- **WORK REQUIRED**: Identify each line below that contains the word "cuboid", and copy it out.

+++

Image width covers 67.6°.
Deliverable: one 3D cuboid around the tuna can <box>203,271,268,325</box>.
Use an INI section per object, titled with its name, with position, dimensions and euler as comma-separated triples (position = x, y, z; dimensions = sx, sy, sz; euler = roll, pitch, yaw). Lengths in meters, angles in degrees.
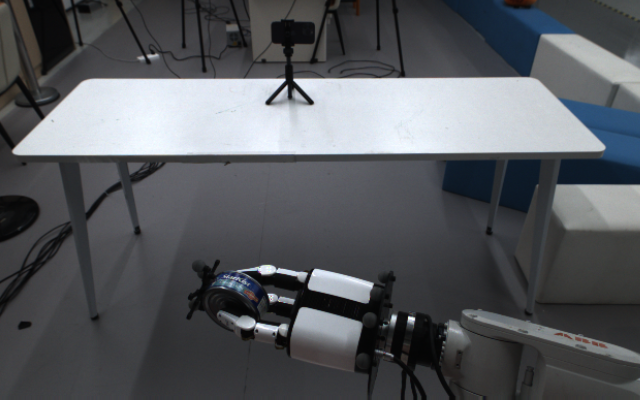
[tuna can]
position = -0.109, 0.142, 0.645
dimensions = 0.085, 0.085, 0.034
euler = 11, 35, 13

+++

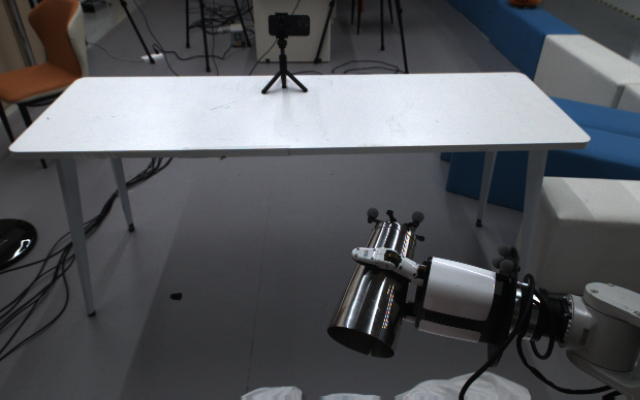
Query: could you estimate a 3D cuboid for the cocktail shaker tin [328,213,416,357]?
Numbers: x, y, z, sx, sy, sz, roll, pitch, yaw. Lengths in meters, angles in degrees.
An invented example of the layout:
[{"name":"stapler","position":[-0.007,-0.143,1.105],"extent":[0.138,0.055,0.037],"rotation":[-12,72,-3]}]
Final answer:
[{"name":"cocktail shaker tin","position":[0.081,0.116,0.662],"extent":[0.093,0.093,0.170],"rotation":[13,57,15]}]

+++

- **OUTPUT BELOW**:
Deliverable: one 3D cuboid around the tuna can <box>203,271,268,325</box>.
Query: could you estimate a 3D cuboid for the cocktail shaker tin [328,213,416,357]?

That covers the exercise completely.